After you log in, you can pull the Remote Execution Agent image directly. To find the latest version and image path, refer to the Remote Execution Agent release notes, which include all currently hosted image tags and their full URLs.

  1. Install the Helm chart. The following code also adds the Helm repo and applies any updates:
$helm repo add astronomer https://helm.astronomer.io
>helm repo update
>helm install astro-agent astronomer/astro-remote-execution-agent -f values.yaml

Step 3: Set allowed IP address ranges

Setting allowed IP address ranges for a Remote Execution Deployment is not necessary but allows you to limit the Deployment’s incoming traffic to the Remote Agents in your environment.

  1. In the Set Allowed IP Address Ranges step on the modal, click Edit this Deployment.
  2. Click +Add IP.
  3. Add the IP address range, then click Add.
  4. Repeat to allowlist more IP address ranges.

Step 4: Check for Agent heartbeat

Close the modal to view the Agent list page and check for a healthy agent.

You should see at least one agent with a health status of “Healthy” and a value for “last heartbeat” no more than one minute prior. If your Remote Agent is healthy, configure dagBundleConfigList in values.yaml and do a Helm upgrade. You can now run Dags on this Agent.

Remote Executon Agents Helm chart configuration reference

The following Helm chart config values are required to run dags with your Remote Execution Agent. To see all available configuration options with descriptions, see the values.yaml file downloaded in step 2.

agentToken or agentTokenSecretName

You must specify either agentToken or agentTokenSecretName to inject the Agent token generated in Step 1 into the Helm chart.

  • For agentToken, pass the Agent token value copied in Step 1 into the Helm chart as a string, and Helm will create a secret with the name agent-token-secret in the namespace.

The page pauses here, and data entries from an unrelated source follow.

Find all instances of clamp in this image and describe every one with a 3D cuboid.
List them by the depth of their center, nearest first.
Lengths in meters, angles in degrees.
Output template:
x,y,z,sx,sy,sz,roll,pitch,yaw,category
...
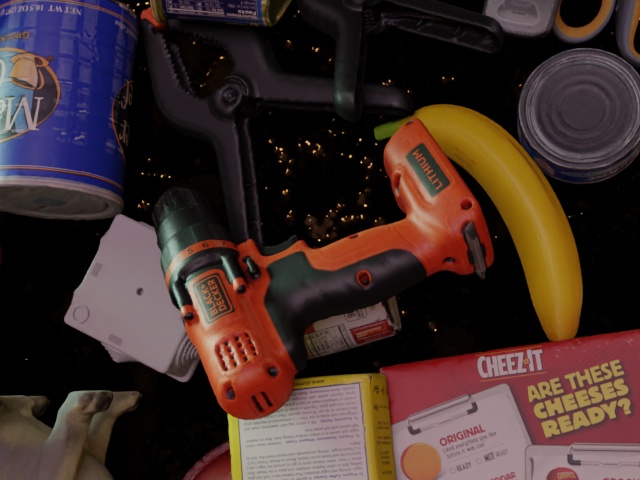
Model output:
x,y,z,sx,sy,sz,roll,pitch,yaw,category
0.027,-0.148,0.718,0.120,0.039,0.172,-31,52,-18,clamp
-0.059,-0.087,0.751,0.210,0.036,0.164,38,95,20,clamp

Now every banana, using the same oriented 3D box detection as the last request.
x,y,z,sx,sy,sz,roll,pitch,yaw,category
0.120,-0.025,0.705,0.198,0.037,0.070,52,122,19,banana

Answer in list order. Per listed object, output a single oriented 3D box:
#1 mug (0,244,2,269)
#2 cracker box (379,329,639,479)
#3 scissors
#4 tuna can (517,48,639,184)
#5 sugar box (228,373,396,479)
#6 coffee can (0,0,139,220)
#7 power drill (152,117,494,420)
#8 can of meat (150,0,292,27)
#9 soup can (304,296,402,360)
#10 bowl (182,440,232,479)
x,y,z,sx,sy,sz,roll,pitch,yaw,category
-0.285,0.023,0.758,0.081,0.093,0.117,30,117,11,mug
0.134,0.173,0.642,0.164,0.072,0.214,-10,76,9,cracker box
0.204,-0.214,0.733,0.096,0.016,0.202,-2,78,11,scissors
0.173,-0.082,0.703,0.086,0.033,0.086,-2,78,12,tuna can
-0.001,0.169,0.622,0.093,0.048,0.176,-8,80,19,sugar box
-0.183,-0.093,0.745,0.103,0.102,0.140,1,79,12,coffee can
-0.004,0.001,0.649,0.187,0.057,0.184,-28,49,0,power drill
-0.062,-0.190,0.743,0.084,0.057,0.102,7,38,12,can of meat
-0.005,0.043,0.698,0.102,0.068,0.068,-16,76,8,soup can
-0.035,0.202,0.680,0.162,0.055,0.162,-2,78,11,bowl
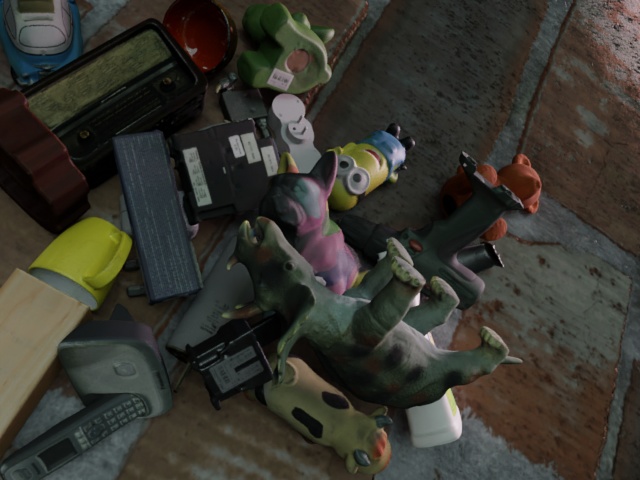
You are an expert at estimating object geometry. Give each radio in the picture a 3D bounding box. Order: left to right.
[{"bbox_3d":[-0.271,-0.180,0.718,0.229,0.073,0.131,-42,88,-21],"label":"radio"}]

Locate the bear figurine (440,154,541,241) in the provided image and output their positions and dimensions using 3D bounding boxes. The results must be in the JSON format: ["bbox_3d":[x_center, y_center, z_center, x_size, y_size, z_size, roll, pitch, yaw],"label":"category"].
[{"bbox_3d":[0.300,-0.074,0.870,0.196,0.132,0.120,-13,97,-19],"label":"bear figurine"}]

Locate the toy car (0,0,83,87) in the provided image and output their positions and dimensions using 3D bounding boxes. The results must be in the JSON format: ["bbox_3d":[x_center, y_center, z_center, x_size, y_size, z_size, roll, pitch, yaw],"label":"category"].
[{"bbox_3d":[-0.376,-0.287,0.713,0.109,0.103,0.161,-8,72,-21],"label":"toy car"}]

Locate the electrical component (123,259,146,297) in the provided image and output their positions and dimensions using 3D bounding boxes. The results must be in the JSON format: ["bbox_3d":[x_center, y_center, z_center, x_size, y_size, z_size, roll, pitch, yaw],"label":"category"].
[{"bbox_3d":[-0.204,0.045,0.699,0.094,0.021,0.063,-6,73,-22],"label":"electrical component"}]

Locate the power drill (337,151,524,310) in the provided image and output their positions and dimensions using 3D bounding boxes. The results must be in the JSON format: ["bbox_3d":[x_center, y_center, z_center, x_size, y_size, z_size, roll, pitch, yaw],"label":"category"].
[{"bbox_3d":[0.164,-0.023,0.766,0.232,0.086,0.207,39,105,4],"label":"power drill"}]

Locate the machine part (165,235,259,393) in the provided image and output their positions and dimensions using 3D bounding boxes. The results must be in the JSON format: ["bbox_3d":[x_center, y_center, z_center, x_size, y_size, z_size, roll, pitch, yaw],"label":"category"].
[{"bbox_3d":[-0.121,0.080,0.685,0.079,0.079,0.243,32,63,-7],"label":"machine part"}]

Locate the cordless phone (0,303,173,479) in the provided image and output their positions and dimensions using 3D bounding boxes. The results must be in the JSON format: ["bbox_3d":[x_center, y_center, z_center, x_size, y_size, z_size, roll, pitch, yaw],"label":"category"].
[{"bbox_3d":[-0.256,0.168,0.565,0.184,0.146,0.089,-33,51,-31],"label":"cordless phone"}]

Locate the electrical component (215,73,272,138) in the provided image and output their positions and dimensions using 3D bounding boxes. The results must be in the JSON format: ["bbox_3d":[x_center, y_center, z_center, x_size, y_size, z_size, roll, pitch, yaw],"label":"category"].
[{"bbox_3d":[-0.118,-0.197,0.805,0.078,0.045,0.102,-10,75,-21],"label":"electrical component"}]

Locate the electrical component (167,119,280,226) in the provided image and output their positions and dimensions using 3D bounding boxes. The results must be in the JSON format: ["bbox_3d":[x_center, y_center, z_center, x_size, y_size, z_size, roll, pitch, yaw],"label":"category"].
[{"bbox_3d":[-0.114,-0.088,0.684,0.134,0.058,0.114,-15,96,-24],"label":"electrical component"}]

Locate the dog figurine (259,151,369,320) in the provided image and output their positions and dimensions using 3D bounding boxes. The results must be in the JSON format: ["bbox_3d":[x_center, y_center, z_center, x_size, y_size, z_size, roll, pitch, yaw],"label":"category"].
[{"bbox_3d":[-0.001,-0.002,0.679,0.191,0.109,0.219,-11,105,-52],"label":"dog figurine"}]

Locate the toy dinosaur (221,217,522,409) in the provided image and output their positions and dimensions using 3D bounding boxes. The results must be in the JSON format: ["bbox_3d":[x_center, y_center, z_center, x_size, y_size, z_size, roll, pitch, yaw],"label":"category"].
[{"bbox_3d":[0.075,0.120,0.598,0.192,0.131,0.404,-44,120,13],"label":"toy dinosaur"}]

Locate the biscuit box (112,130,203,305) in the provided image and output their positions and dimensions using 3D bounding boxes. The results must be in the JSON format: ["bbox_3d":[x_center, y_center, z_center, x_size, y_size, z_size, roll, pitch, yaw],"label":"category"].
[{"bbox_3d":[-0.196,-0.027,0.643,0.063,0.059,0.202,-13,84,-21],"label":"biscuit box"}]

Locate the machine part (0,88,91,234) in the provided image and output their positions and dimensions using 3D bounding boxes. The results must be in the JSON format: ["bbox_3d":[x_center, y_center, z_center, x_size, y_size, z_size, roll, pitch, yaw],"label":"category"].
[{"bbox_3d":[-0.339,-0.090,0.619,0.179,0.179,0.056,45,60,0],"label":"machine part"}]

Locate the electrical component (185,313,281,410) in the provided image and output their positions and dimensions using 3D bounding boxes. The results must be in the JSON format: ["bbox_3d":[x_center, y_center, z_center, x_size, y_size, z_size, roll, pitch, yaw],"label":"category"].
[{"bbox_3d":[-0.084,0.128,0.611,0.119,0.048,0.074,-24,114,-14],"label":"electrical component"}]

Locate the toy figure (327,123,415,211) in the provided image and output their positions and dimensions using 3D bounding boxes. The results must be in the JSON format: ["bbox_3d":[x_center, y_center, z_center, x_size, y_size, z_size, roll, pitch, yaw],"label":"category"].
[{"bbox_3d":[0.071,-0.109,0.823,0.082,0.089,0.180,31,49,24],"label":"toy figure"}]

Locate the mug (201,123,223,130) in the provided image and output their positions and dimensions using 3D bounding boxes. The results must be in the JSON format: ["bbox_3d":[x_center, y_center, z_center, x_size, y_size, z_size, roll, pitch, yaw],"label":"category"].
[{"bbox_3d":[-0.137,-0.098,0.744,0.109,0.081,0.107,-14,84,-28],"label":"mug"}]

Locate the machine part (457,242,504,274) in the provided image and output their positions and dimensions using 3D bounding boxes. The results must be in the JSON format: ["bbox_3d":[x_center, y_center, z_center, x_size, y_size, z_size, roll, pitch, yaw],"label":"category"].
[{"bbox_3d":[0.215,0.035,0.842,0.139,0.039,0.084,-10,70,-12],"label":"machine part"}]

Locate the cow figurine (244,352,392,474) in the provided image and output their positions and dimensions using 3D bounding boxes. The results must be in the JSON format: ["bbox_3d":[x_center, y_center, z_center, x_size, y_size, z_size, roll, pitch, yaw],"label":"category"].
[{"bbox_3d":[0.007,0.211,0.657,0.195,0.127,0.085,39,66,-1],"label":"cow figurine"}]

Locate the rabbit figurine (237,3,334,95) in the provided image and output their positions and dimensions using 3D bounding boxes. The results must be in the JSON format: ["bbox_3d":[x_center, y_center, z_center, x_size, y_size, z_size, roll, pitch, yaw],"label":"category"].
[{"bbox_3d":[-0.053,-0.312,0.828,0.159,0.121,0.170,1,44,-33],"label":"rabbit figurine"}]
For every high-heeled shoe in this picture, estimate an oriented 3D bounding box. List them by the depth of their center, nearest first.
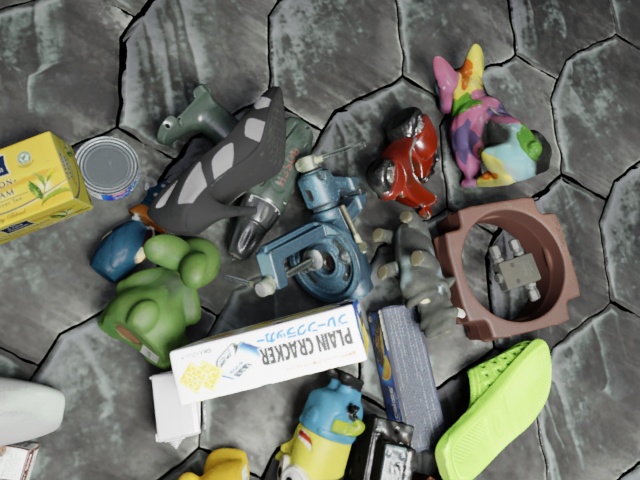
[{"bbox_3d":[-0.131,-0.111,0.716,0.145,0.086,0.249,2,55,13],"label":"high-heeled shoe"}]

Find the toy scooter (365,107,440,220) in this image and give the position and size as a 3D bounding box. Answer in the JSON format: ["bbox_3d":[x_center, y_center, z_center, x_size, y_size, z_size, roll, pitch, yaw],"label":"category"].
[{"bbox_3d":[0.145,-0.110,0.835,0.135,0.075,0.184,45,54,-25],"label":"toy scooter"}]

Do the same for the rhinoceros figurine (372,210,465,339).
[{"bbox_3d":[0.138,0.048,0.754,0.112,0.073,0.190,32,35,-41],"label":"rhinoceros figurine"}]

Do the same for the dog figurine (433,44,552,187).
[{"bbox_3d":[0.254,-0.195,0.836,0.108,0.191,0.219,-22,98,-10],"label":"dog figurine"}]

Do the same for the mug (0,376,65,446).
[{"bbox_3d":[-0.371,0.205,0.637,0.107,0.110,0.081,24,58,-52],"label":"mug"}]

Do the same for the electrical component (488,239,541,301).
[{"bbox_3d":[0.281,0.047,0.772,0.063,0.021,0.094,-17,82,-16],"label":"electrical component"}]

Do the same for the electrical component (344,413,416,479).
[{"bbox_3d":[0.074,0.288,0.699,0.058,0.134,0.115,14,73,-10],"label":"electrical component"}]

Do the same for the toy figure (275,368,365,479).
[{"bbox_3d":[0.009,0.261,0.706,0.089,0.082,0.180,26,82,-8],"label":"toy figure"}]

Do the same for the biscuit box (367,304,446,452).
[{"bbox_3d":[0.123,0.195,0.770,0.063,0.059,0.202,-8,79,-16],"label":"biscuit box"}]

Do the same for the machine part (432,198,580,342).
[{"bbox_3d":[0.277,0.045,0.829,0.201,0.087,0.201,-10,78,-16],"label":"machine part"}]

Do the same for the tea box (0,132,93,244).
[{"bbox_3d":[-0.395,-0.057,0.685,0.170,0.068,0.098,-24,84,-3],"label":"tea box"}]

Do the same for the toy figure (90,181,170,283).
[{"bbox_3d":[-0.249,-0.015,0.734,0.064,0.058,0.154,38,67,-9],"label":"toy figure"}]

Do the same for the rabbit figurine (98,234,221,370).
[{"bbox_3d":[-0.195,0.054,0.695,0.121,0.159,0.170,30,57,5],"label":"rabbit figurine"}]

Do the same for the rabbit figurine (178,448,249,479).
[{"bbox_3d":[-0.168,0.341,0.636,0.173,0.162,0.121,-8,91,3],"label":"rabbit figurine"}]

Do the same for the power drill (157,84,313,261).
[{"bbox_3d":[-0.128,-0.112,0.773,0.207,0.086,0.232,34,71,0],"label":"power drill"}]

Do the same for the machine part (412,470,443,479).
[{"bbox_3d":[0.169,0.408,0.735,0.179,0.056,0.179,3,77,-14],"label":"machine part"}]

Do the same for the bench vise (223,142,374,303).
[{"bbox_3d":[-0.010,-0.001,0.727,0.240,0.129,0.223,-30,113,-48],"label":"bench vise"}]
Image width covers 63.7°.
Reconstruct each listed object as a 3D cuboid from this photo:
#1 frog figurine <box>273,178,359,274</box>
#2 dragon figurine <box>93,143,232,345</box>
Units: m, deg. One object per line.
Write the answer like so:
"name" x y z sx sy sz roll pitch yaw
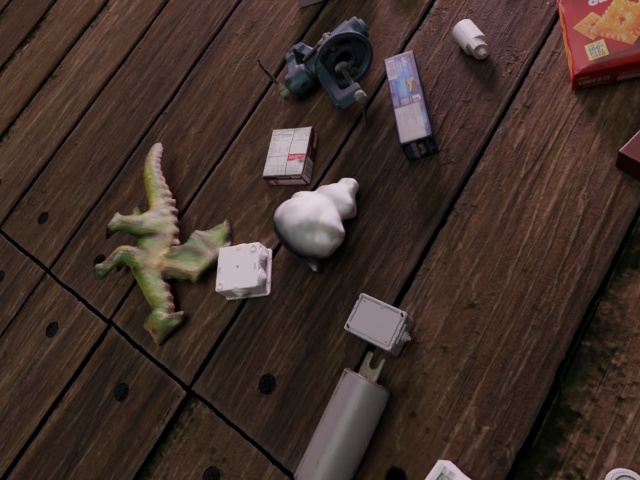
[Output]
"frog figurine" 0.003 -0.044 0.879 0.158 0.121 0.140 -49 37 10
"dragon figurine" -0.287 -0.006 1.014 0.243 0.120 0.417 9 71 8
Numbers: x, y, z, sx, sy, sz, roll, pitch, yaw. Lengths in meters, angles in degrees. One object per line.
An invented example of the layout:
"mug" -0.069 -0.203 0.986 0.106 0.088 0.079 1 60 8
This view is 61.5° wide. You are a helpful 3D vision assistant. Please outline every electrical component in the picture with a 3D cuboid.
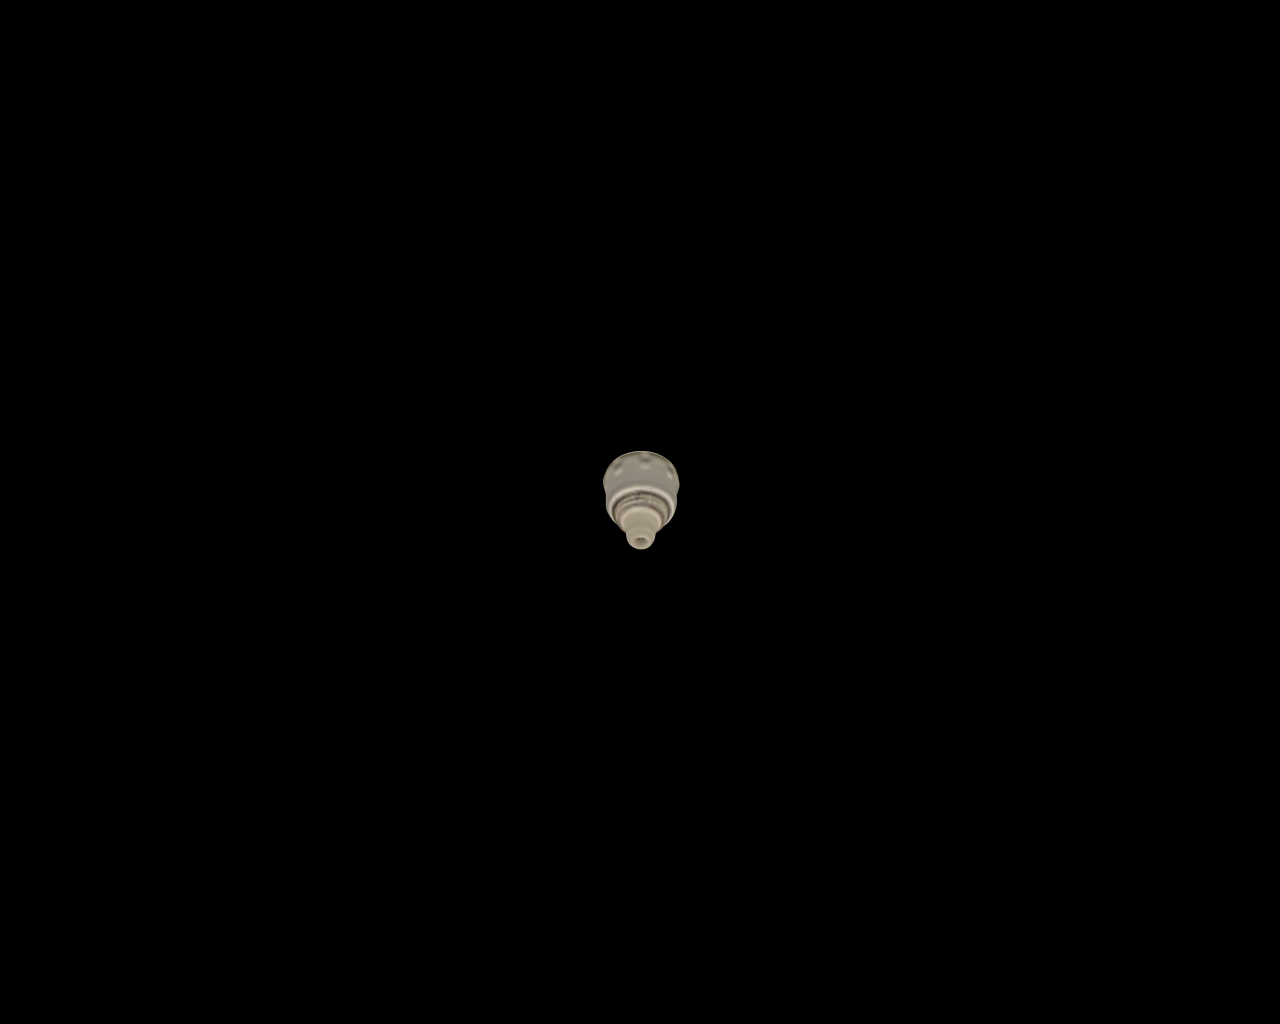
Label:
"electrical component" 0.001 -0.003 0.650 0.048 0.048 0.062 0 44 0
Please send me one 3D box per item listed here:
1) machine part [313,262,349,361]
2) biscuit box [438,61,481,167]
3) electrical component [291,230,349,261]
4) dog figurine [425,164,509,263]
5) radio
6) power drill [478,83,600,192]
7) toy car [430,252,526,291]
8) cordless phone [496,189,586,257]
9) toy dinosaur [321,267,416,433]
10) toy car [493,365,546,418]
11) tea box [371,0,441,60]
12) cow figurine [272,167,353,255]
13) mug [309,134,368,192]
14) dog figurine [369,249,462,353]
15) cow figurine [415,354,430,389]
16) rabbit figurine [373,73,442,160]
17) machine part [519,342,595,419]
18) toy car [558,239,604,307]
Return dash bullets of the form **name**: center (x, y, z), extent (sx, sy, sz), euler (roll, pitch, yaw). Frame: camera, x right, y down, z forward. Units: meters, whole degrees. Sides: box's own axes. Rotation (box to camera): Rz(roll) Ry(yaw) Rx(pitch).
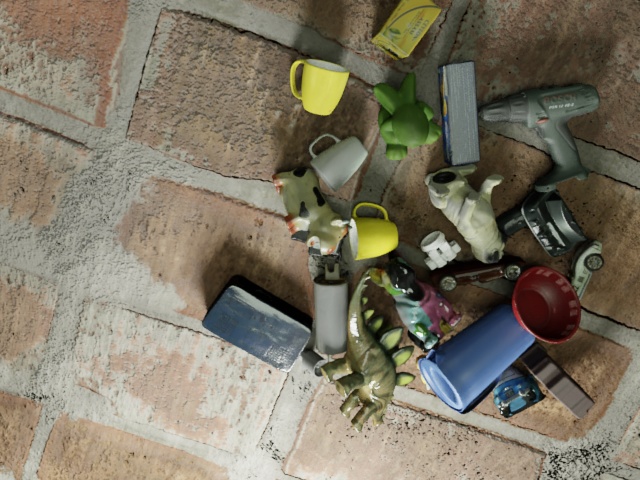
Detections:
- **machine part**: center (0.026, 0.165, 1.202), extent (0.079, 0.079, 0.243), euler (-1, 108, 1)
- **biscuit box**: center (0.280, -0.252, 1.082), extent (0.063, 0.059, 0.202), euler (-7, 106, 2)
- **electrical component**: center (-0.002, -0.004, 1.167), extent (0.119, 0.048, 0.074), euler (11, 106, -2)
- **dog figurine**: center (0.303, -0.047, 1.128), extent (0.121, 0.173, 0.190), euler (-30, 128, -18)
- **radio**: center (-0.136, 0.187, 1.215), extent (0.229, 0.073, 0.131), euler (31, 104, -10)
- **power drill**: center (0.451, -0.206, 1.090), extent (0.232, 0.086, 0.207), euler (-18, 98, 3)
- **toy car**: center (0.340, 0.070, 1.163), extent (0.202, 0.089, 0.053), euler (-10, 104, 3)
- **cordless phone**: center (0.452, -0.014, 1.151), extent (0.184, 0.089, 0.146), euler (-33, 105, 21)
- **toy dinosaur**: center (0.105, 0.266, 1.179), extent (0.198, 0.105, 0.470), euler (-32, 131, -18)
- **toy car**: center (0.438, 0.341, 1.231), extent (0.109, 0.161, 0.103), euler (-37, 58, 17)
- **tea box**: center (0.153, -0.391, 0.985), extent (0.068, 0.170, 0.098), euler (36, 105, -8)
- **cow figurine**: center (-0.013, -0.060, 1.103), extent (0.127, 0.085, 0.195), euler (-21, 72, 2)
- **mug**: center (0.036, -0.172, 1.105), extent (0.107, 0.081, 0.109), euler (-39, 97, -1)
- **dog figurine**: center (0.200, 0.128, 1.178), extent (0.108, 0.191, 0.219), euler (-38, 73, -6)
- **cow figurine**: center (0.294, 0.322, 1.253), extent (0.167, 0.068, 0.098), euler (15, 112, -3)
- **rabbit figurine**: center (0.173, -0.235, 1.031), extent (0.121, 0.170, 0.159), euler (-17, 107, 5)
- **machine part**: center (0.525, 0.308, 1.191), extent (0.179, 0.179, 0.056), euler (43, 101, -11)
- **toy car**: center (0.560, 0.091, 1.170), extent (0.056, 0.073, 0.201), euler (21, 107, 15)

  • For agentTokenSecretName, pass the name of the secret containing the Agent token to connect the Agent to the Astro Deployment. This field should be used when the secret has already been created in the namespace through your own external mechanism. The secret must contain a key named token with the value set to the Agent Token created in Step 1.

imagePullSecretName or imagePullSecretData

You must specify either imagePullSecretName or imagePullSecretData to allow the Remote Execution Agent to pull container images from the registry. This can use your Astro Deployment API Token from your pre-reqs.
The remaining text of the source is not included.